BEGIN DATA SUPPLIED
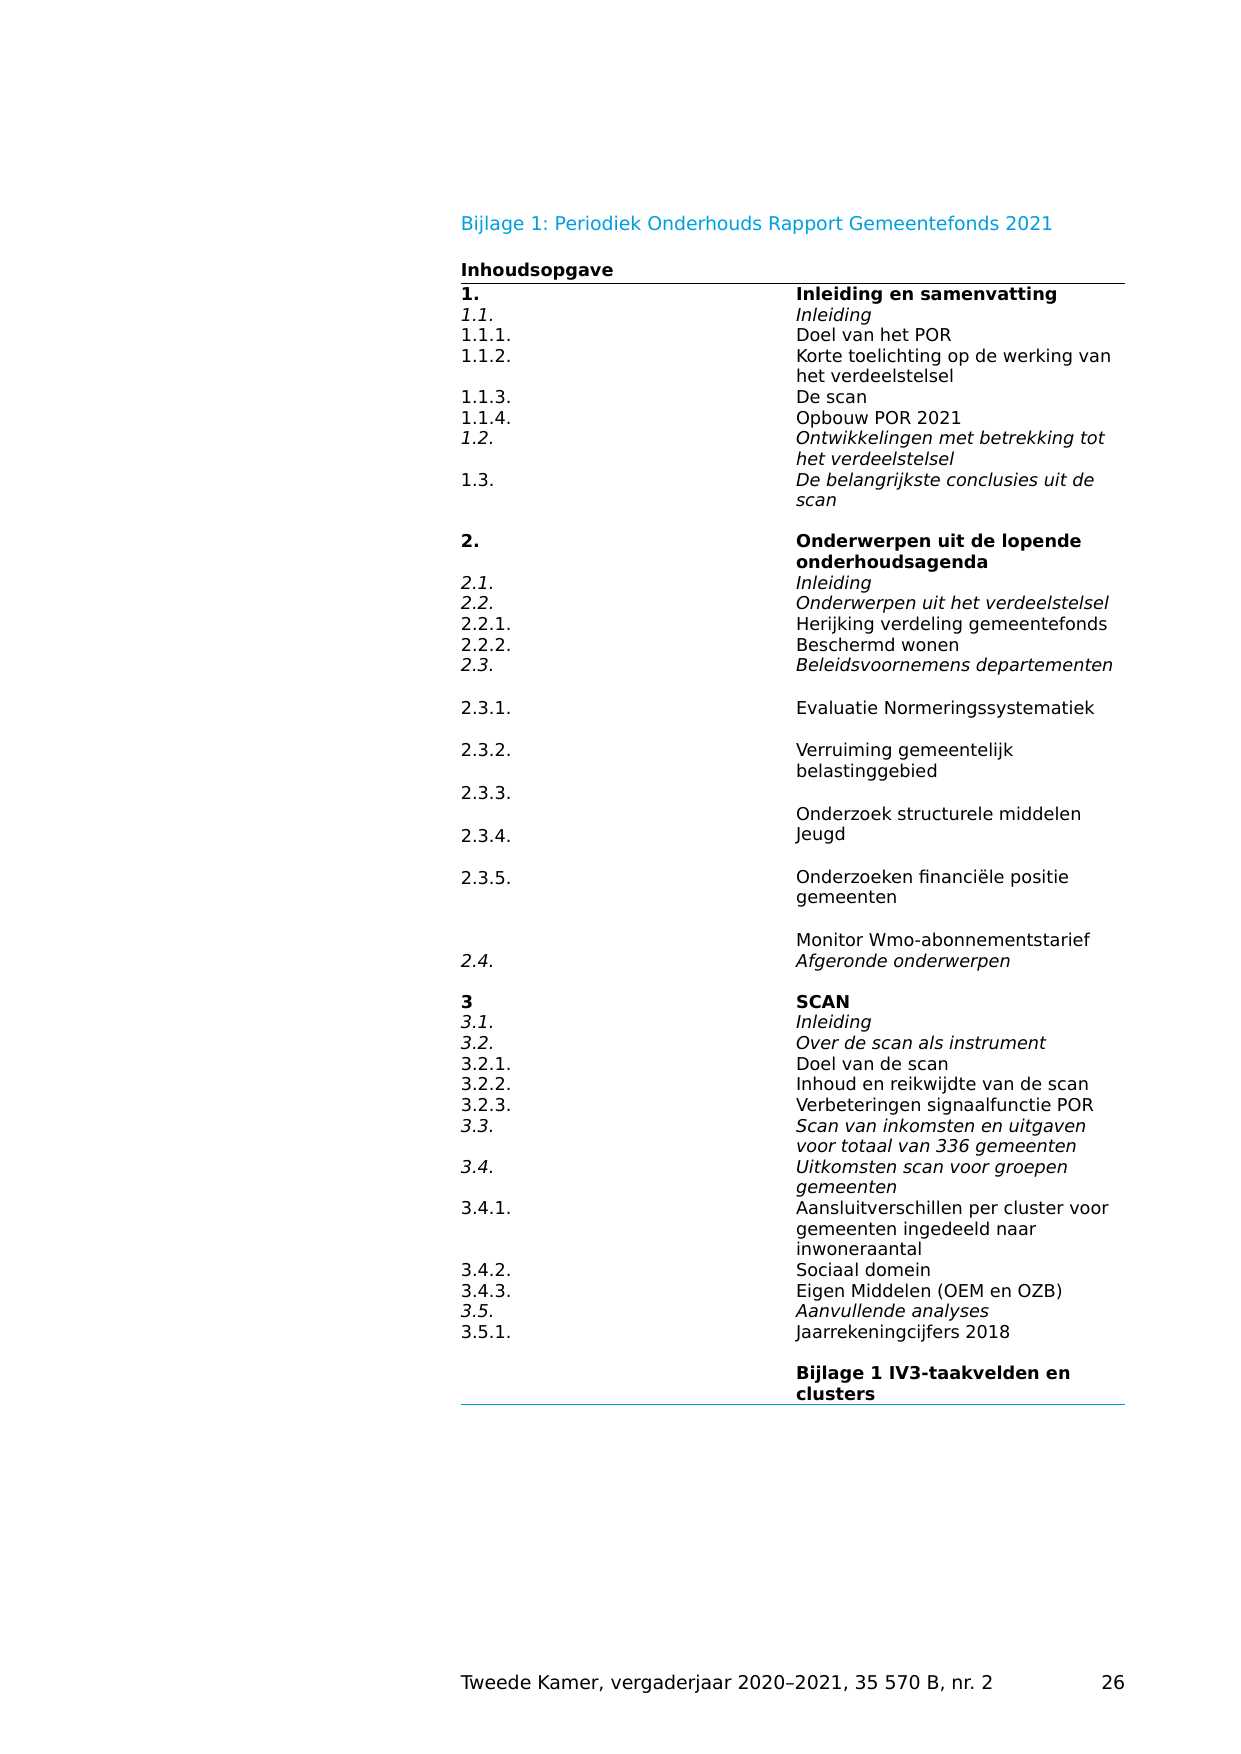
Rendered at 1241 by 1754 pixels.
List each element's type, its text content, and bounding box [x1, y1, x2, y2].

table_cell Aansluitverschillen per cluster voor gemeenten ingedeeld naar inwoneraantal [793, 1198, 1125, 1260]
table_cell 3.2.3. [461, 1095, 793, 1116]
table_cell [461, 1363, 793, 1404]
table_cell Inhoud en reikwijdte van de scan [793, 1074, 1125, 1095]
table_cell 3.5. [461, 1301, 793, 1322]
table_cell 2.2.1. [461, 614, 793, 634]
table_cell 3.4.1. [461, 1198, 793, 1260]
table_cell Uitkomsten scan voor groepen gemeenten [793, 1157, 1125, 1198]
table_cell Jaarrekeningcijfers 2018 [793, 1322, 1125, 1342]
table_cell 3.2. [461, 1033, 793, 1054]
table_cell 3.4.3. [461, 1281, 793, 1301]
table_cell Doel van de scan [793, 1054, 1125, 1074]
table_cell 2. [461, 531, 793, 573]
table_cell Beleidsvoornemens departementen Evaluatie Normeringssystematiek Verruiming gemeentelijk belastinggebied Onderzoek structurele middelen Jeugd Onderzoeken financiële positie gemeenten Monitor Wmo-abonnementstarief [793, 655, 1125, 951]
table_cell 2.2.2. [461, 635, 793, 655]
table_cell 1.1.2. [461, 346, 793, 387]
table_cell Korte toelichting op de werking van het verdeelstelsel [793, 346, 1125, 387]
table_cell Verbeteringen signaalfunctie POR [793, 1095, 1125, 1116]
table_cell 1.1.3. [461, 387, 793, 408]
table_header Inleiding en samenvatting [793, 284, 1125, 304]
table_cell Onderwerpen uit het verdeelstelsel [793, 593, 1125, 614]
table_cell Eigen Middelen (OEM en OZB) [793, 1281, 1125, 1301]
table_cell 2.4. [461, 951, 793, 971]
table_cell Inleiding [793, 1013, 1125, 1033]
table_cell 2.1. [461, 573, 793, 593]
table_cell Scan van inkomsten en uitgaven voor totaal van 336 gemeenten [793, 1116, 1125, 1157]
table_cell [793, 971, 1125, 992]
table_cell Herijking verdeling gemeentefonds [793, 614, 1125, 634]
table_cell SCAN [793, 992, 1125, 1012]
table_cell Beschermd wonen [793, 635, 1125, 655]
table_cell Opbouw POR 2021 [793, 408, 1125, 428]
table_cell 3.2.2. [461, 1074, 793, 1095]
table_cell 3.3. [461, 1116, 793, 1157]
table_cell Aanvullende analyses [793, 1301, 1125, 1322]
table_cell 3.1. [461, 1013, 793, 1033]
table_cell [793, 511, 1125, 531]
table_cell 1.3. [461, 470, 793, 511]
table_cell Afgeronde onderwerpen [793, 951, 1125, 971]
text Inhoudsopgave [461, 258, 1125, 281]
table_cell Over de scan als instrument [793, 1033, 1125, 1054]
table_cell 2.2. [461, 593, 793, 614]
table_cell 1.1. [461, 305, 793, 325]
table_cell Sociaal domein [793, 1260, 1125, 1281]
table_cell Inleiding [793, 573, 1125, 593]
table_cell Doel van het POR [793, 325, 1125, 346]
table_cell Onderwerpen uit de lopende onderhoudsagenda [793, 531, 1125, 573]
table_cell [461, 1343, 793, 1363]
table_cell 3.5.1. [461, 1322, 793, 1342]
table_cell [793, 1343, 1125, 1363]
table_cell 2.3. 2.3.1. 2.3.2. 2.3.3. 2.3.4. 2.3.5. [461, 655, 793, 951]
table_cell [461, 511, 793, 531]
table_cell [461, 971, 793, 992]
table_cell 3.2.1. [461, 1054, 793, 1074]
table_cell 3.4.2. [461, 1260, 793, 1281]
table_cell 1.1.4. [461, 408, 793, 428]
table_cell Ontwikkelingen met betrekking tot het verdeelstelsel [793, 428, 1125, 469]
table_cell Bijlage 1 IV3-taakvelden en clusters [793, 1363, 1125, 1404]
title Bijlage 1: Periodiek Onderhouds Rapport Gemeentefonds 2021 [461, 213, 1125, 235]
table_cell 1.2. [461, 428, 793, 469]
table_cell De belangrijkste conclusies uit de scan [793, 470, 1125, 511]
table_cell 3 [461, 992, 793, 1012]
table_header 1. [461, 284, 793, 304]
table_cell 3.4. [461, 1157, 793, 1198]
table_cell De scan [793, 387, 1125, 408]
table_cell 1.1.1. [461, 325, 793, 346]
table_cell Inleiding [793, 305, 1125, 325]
END DATA SUPPLIED
From the entries above, write out only the lines starting at the line that holds "table_cell Korte toelichting" and ending at the line that holds "table_cell 3.3. [461, 1116, 793, 1157]", keeping both and matching them exactly.

table_cell Korte toelichting op de werking van het verdeelstelsel [793, 346, 1125, 387]
table_cell Verbeteringen signaalfunctie POR [793, 1095, 1125, 1116]
table_cell 1.1.3. [461, 387, 793, 408]
table_header Inleiding en samenvatting [793, 284, 1125, 304]
table_cell Onderwerpen uit het verdeelstelsel [793, 593, 1125, 614]
table_cell Eigen Middelen (OEM en OZB) [793, 1281, 1125, 1301]
table_cell 2.4. [461, 951, 793, 971]
table_cell Inleiding [793, 1013, 1125, 1033]
table_cell 2.1. [461, 573, 793, 593]
table_cell Scan van inkomsten en uitgaven voor totaal van 336 gemeenten [793, 1116, 1125, 1157]
table_cell [793, 971, 1125, 992]
table_cell Herijking verdeling gemeentefonds [793, 614, 1125, 634]
table_cell SCAN [793, 992, 1125, 1012]
table_cell Beschermd wonen [793, 635, 1125, 655]
table_cell Opbouw POR 2021 [793, 408, 1125, 428]
table_cell 3.2.2. [461, 1074, 793, 1095]
table_cell 3.3. [461, 1116, 793, 1157]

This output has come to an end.